Before proceeding further, however, it is best to understand a few theoretical arguments for and against the use of linear models. The arguments for mostly revolve around their utility: they are fast (because they can be mostly or wholly parallelized on hardware), easy to optimize, and somewhat more interpretable than nonlinear ones. The downsides revolve around their lack of representational power:
How might one go about converting a masked mixer into a linear model?

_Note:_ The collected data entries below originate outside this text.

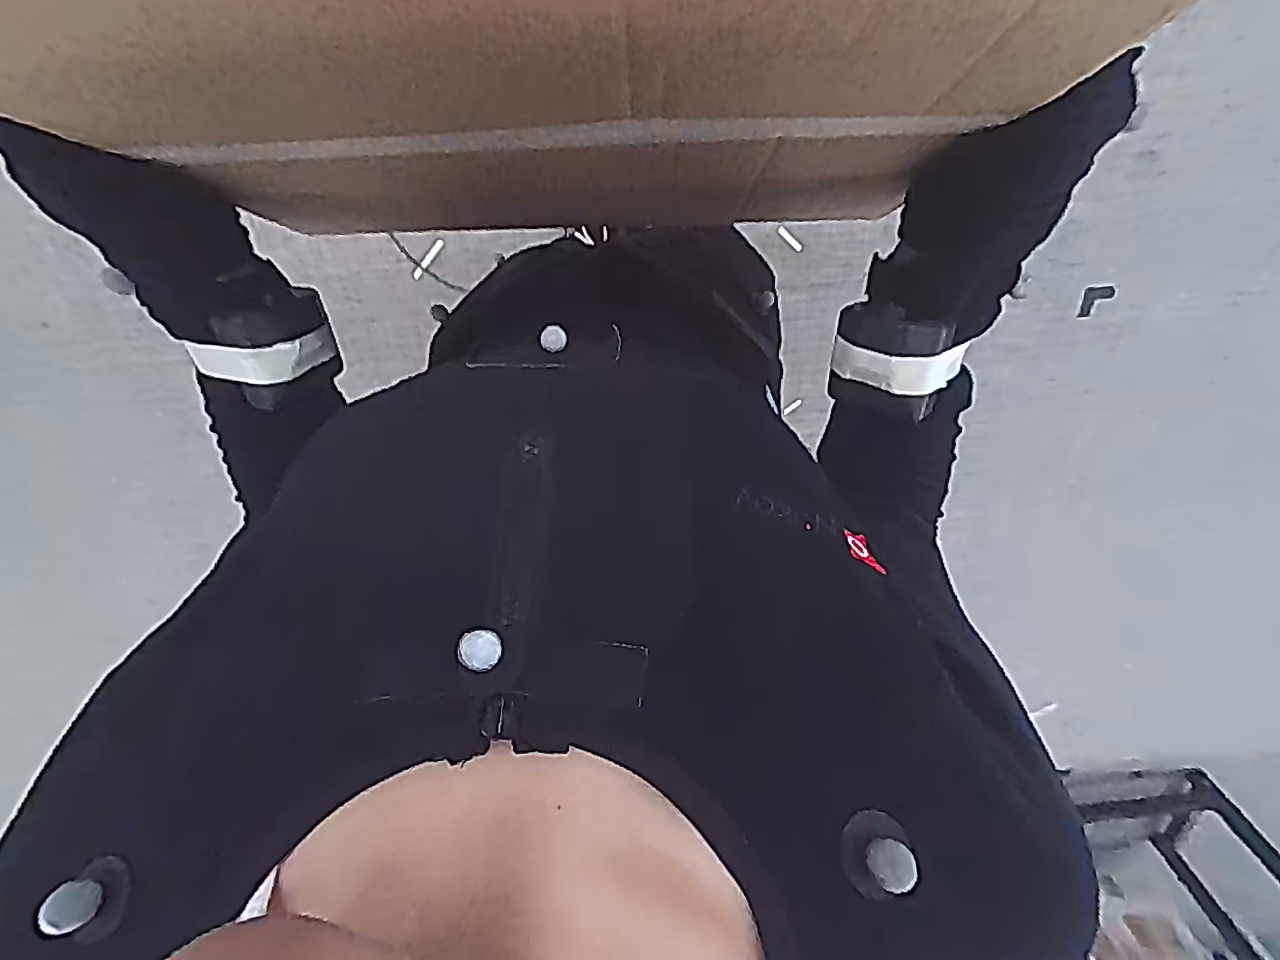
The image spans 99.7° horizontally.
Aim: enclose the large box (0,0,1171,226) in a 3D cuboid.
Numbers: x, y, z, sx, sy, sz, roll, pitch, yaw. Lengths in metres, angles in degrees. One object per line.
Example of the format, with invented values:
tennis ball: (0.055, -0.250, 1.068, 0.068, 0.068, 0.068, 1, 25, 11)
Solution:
large box: (-0.039, -0.307, 0.207, 0.408, 0.320, 0.320, -1, 102, 1)

We will take the approach to remove nonlinear transformations and optimize the resulting linear model to train most efficiently using adaptive versions of stochastic gradient descent.

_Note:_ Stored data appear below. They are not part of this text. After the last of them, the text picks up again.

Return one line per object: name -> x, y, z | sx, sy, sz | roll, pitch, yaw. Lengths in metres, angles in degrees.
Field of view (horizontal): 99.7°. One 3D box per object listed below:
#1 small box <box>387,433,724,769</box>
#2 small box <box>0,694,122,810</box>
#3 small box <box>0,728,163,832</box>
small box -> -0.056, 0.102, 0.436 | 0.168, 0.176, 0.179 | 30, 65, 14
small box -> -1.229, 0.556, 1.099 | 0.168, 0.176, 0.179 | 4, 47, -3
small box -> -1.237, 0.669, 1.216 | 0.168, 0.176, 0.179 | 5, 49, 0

The equation for layer normalization is as follows: for a specific layer input $x$, the output $y$ is
\[y = \frac{x - \mu}{\sqrt{\sigma^2 + \epsilon}} * \gamma + \beta\]where $\gamma$ and $\beta$ are trainable parameters (which are usually held in very high precision) and $\mu, \sigma^2$ denote the mean (expectation) and variance of the random variable $x$. This is clearly a nonlinear operation (although it could be transformed into a linear one) and so we will simply remove this transformation for now.
TinyStories versus Fineweb
Whenever one studies a complex phenomena, one may wonder whether the use of limited, small-scale and hopefully representative samples are worth building correspondingly small and simple models for. These are usually called ‘toy’ models in the physical and life sciences, and their merit is continually debated. Those in favor point to the advances that have been made (sometimes well before their time) by using such models, whereas detractors point out the many times a toy model led a person, field, or group entirely astray with respect to learning something about the actual phenomena, usually because the toy model neglected one or more crucial variables.
It is extremely difficult to know whether a toy model has all the important variables in a complex system accounted for. This is firstly because variables may or may not even be separable in a complex system, and secondly because the number of combinations of all variables scales with $n!$ and is not computationally feasible to address which variables are required.
For this work, one may wonder if TinyStories is in fact a decent toy model dataset of the general English language. On the outset, it would seem that the ability to write simple stories about imaginary characters would have very little bearing on something as large and complex as a refined subset of the educational content of the Common Crawl of the web. It is somewhat surprising, then, that we have found the results of training mixers and transformers on TinyStories to be fairly representative of their performance on fineweb-edu 10BT
. The following similarities and differences are observed:
- High-level performance characteristics of mixers and transformers are very similar: mixers are more efficient retrieval model encoders for both TinyStories and the Fineweb, whereas Transformers are slightly more efficient causal language models for both.
- It was found that a relatively small (by default standards) head number of 4 was compute-optimal for TinyStories, and the same is true for the Fineweb (for this model size).
- Unsurprisingly the Fineweb is much better-modeled by deeper models than were optimal for TinyStories (16 versus 8 layers), but otherwise the optimal model architectures are quite similar ($d_m=1024$ mixers being similar to $d_m=512$ transformers for learning efficiency, similar $\eta$ values for the optimizer etc.)
- One notable difference is that transformer embedding models (for retrieval) trained on
fineweb-edu 10BT
are often benefitted by initializing a larger $n_h$ than the model was trained with, which is the opposite for the TinyStories. - Also as expected, the retrieval model training process is much faster for the Fineweb, often requiring fewer than 20 epochs for optimal evaluation loss compared to 100 or more for embedding models trained on TinyStories.